Consider the following tricky puzzle, "What contains 4 letters but sometimes 9". Words may stand for objects or they themselves may be objects.
Texts start with the set of experiences that the author and readers share. When a "boy" is mentioned, the range of possibilities is wide. Therefore, if needed, the author adds details to narrow that range to the extent within which the differences in the author's imagination and that of readers will be negligible.
If we describe a strange house we mention "house but it has no ..." or "but it has ..." because otherwise readers will imagine what houses usually have or they will not imagine what houses usually don't have. The same applies to any person or object mentioned.
We are animals living in the real world and in real-time. We need to react fast if needed. It necessarily makes us focus on a narrow context just within our reach. It has a limited number of objects. It provides a limited number of opportunities. These limited sets of objects can be filtered fast based on relevant constraints.
The problem with humans is that we have the broadest sphere of interests. We are interested in subatomic particles and in those tiny shiny dots that are in fact galaxies billions of light years away from us. And for sure we are interested in unicorns. This broadens contexts or the sets of objects possibly of interest to us.
With respect to the speaker, one's experiences, needs, and wishes should also be considered a part of context. One's ideas about those of listeners may also be included.
One important feature of contexts is statistics or their contents. Every park is unique in terms of how many trees and of what kinds it has and also other details. This feature affects how we refer to objects in each context.
Compositionality
Consider context as a set of objects. If any object is of a unique class referring to them is easy. That task is more interesting when there are multiple objects of the same class. In a park, the word "tree" is only the beginning of the process of constructing a reference.
Many linguists apply the principle of compositionality to the analysis of phrases and sentences. I claim that "composite phrases" do not stand for "complex concepts", instead, they are stacked filters. They rely on those properties of relevant objects that make them stand out in the given context.

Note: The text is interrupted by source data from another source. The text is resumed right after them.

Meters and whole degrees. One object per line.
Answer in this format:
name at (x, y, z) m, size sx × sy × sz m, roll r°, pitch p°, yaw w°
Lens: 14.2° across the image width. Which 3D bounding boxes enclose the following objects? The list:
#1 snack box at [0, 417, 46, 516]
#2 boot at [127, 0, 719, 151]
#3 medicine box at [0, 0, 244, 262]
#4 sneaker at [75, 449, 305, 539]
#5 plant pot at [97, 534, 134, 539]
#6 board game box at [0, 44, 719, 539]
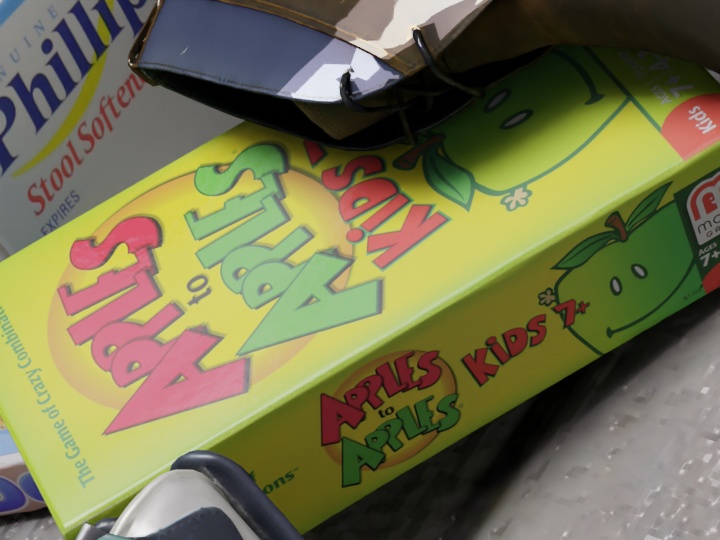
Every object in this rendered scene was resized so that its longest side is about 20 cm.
snack box at (-0.066, 0.030, 0.841) m, size 0.199 × 0.024 × 0.072 m, roll -14°, pitch 44°, yaw 31°
boot at (0.032, -0.059, 0.734) m, size 0.199 × 0.075 × 0.097 m, roll 27°, pitch 87°, yaw 30°
medicine box at (-0.123, -0.073, 0.904) m, size 0.199 × 0.103 × 0.182 m, roll 4°, pitch 49°, yaw 45°
sneaker at (-0.006, 0.099, 0.636) m, size 0.198 × 0.130 × 0.080 m, roll 7°, pitch 58°, yaw 43°
plant pot at (-0.015, 0.159, 0.524) m, size 0.141 × 0.141 × 0.201 m, roll 9°, pitch 81°, yaw 45°
board game box at (0.000, 0.000, 0.757) m, size 0.199 × 0.048 × 0.102 m, roll -30°, pitch 44°, yaw -6°

As long as the remaining set contains not only relevant objects we add one more concept to filter out non-relevant objects. This stacking of filters has nothing to do with compositionality or complex concepts. We just deal with a particular context and the statistics of properties of objects there with respect to relevant ones. We do not "describe" relevant objects, we differentiate them. We do not communicate all the relevant (with respect to our purpose) information about the objects, we rely on the differentiating properties of relevant objects.
Negation
After our discussion of filtering, negation is NOT difficult to understand (sorry, I could NOT help it). Sometimes the set is narrowed down fast by using properties that relevant objects have. But sometimes the set is narrowed down fast by using properties that relevant objects don't have. Consider a typical example, "Looking for a partner with NO bad habits."
Lies
Above I mentioned that a speaker and a listener have to share context to communicate efficiently. Now I will introduce private contexts. Imagine a detective interrogating a suspect. Both have private contexts - information unknown to the other. The suspect misreports one's private context in order to evade punishment. The detective does not mention the available evidence in order to collect more false testimonies. Both lie in order to get better off in the end.

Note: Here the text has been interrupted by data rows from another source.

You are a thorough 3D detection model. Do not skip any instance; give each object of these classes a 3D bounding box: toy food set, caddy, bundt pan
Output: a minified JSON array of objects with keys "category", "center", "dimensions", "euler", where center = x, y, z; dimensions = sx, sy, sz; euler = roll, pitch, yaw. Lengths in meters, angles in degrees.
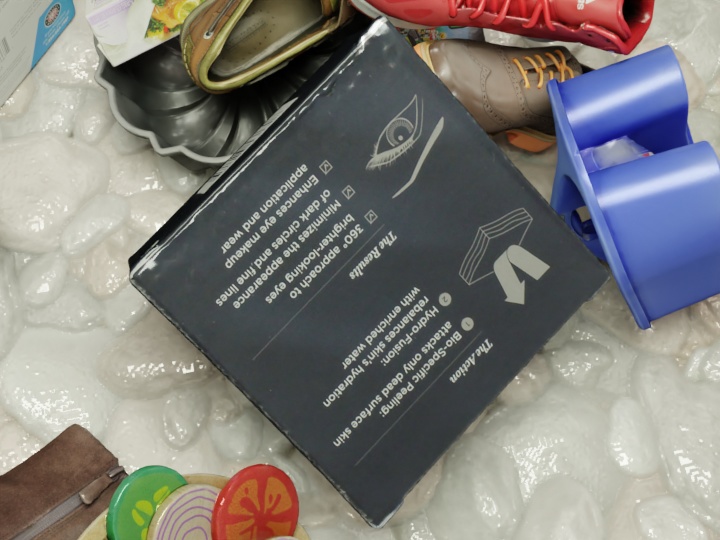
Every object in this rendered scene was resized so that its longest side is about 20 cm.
[{"category":"toy food set","center":[-0.085,0.205,0.624],"dimensions":[0.198,0.048,0.201],"euler":[-45,107,-37]},{"category":"caddy","center":[0.169,-0.046,0.717],"dimensions":[0.104,0.200,0.143],"euler":[-21,64,14]},{"category":"bundt pan","center":[-0.078,-0.152,0.791],"dimensions":[0.199,0.076,0.205],"euler":[-4,71,10]}]

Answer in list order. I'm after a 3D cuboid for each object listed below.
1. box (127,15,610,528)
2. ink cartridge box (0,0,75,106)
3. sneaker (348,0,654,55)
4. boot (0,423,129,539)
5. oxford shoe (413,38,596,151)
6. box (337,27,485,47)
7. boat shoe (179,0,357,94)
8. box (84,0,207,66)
[{"category":"box","center":[0.000,0.000,0.672],"dimensions":[0.197,0.117,0.200],"euler":[-45,101,-6]},{"category":"ink cartridge box","center":[-0.259,-0.202,0.747],"dimensions":[0.066,0.201,0.117],"euler":[29,67,9]},{"category":"sneaker","center":[0.092,-0.171,0.666],"dimensions":[0.198,0.115,0.080],"euler":[-4,105,-33]},{"category":"boot","center":[-0.222,0.146,0.647],"dimensions":[0.199,0.073,0.166],"euler":[37,56,12]},{"category":"oxford shoe","center":[0.102,-0.126,0.750],"dimensions":[0.072,0.199,0.072],"euler":[-25,79,31]},{"category":"box","center":[0.032,-0.192,0.857],"dimensions":[0.108,0.035,0.203],"euler":[-6,68,-6]},{"category":"boat shoe","center":[-0.022,-0.175,0.698],"dimensions":[0.200,0.068,0.072],"euler":[-41,117,6]},{"category":"box","center":[-0.082,-0.196,0.739],"dimensions":[0.198,0.039,0.042],"euler":[-27,33,2]}]

Now take a look at the following statement, "This text is written in Italian!" Can we call it a lie? Can I expect to get better off in the end? For example, I may hope that you will respect me more believing that I know Italian.
I do not insist but I strongly believe that "lie" is about misreporting private context only. If the context is shared and any claims about it are easily verifiable misreporting it makes no sense.

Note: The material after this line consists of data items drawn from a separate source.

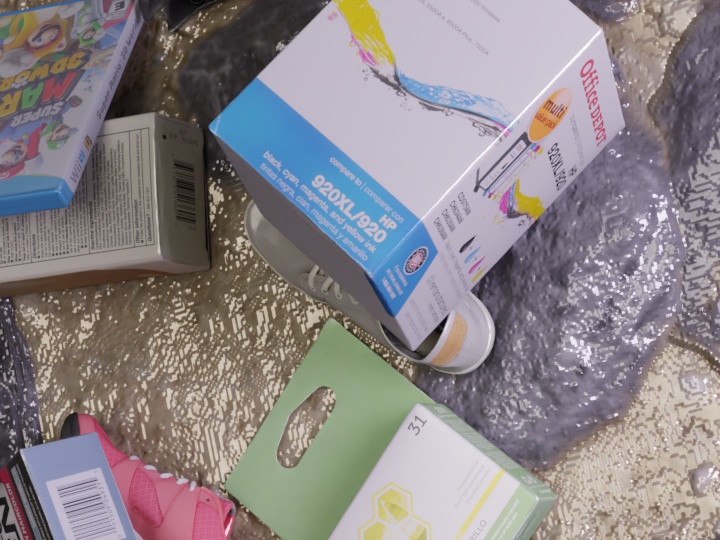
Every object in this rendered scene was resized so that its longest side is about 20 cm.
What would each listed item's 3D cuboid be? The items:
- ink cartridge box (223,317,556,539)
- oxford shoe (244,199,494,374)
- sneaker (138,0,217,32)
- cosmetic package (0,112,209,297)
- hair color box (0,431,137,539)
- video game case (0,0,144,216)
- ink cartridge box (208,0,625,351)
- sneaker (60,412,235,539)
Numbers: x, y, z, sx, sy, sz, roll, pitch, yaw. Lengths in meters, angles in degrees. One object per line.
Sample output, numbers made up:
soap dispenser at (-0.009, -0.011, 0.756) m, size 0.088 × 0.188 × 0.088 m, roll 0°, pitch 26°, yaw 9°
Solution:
ink cartridge box at (0.008, 0.143, 1.319) m, size 0.199 × 0.048 × 0.146 m, roll 37°, pitch 101°, yaw 21°
oxford shoe at (0.000, 0.000, 1.331) m, size 0.199 × 0.058 × 0.076 m, roll 35°, pitch 102°, yaw 26°
sneaker at (-0.065, -0.235, 1.387) m, size 0.198 × 0.060 × 0.105 m, roll -10°, pitch 79°, yaw 29°
cosmetic package at (-0.208, -0.041, 1.424) m, size 0.198 × 0.071 × 0.106 m, roll -6°, pitch 81°, yaw 24°
hair color box at (-0.220, 0.195, 1.361) m, size 0.200 × 0.060 × 0.100 m, roll -44°, pitch 64°, yaw 49°
video game case at (-0.234, -0.113, 1.411) m, size 0.142 × 0.018 × 0.201 m, roll -6°, pitch 46°, yaw 24°
ink cartridge box at (0.039, -0.087, 1.242) m, size 0.144 × 0.147 × 0.200 m, roll 41°, pitch 83°, yaw 22°
sneaker at (-0.130, 0.168, 1.380) m, size 0.086 × 0.074 × 0.201 m, roll -32°, pitch 64°, yaw -10°

I do not discuss the second stage of communication here. It may well include not only the collection of information but also the validation of the suggested connections between the phenomena mentioned by the speaker.
Mathematical Subdomain for Precision
What I discussed above creates the impression that natural languages are not precise. This is not so. They can achieve an arbitrary level of precision. One of the ways to do that is to engage the mathematical sublanguage.
Metaphors
Knowledge is often about metaphors. Whenever we encounter some abstract phenomenon we try to apply our existing knowledge to that domain based on the "similarity" of properties. Possibly, we may talk here about the properties of properties. For example, we may waste time if we apply the metaphor of money to the abstract concept of time or time may flow if the metaphor of river is applied.
It is always from specific concepts to abstract ones that metaphors are applied. A good discussion of how much metaphors are used in our language is provided by Lakoff and Johnson 1980.
Disambiguation
Recall that objects have multiple properties. Here is the key to solving polysemy - objects are multidimensional but not omnidimensional. The set of properties of different objects contains many properties but not all possible properties.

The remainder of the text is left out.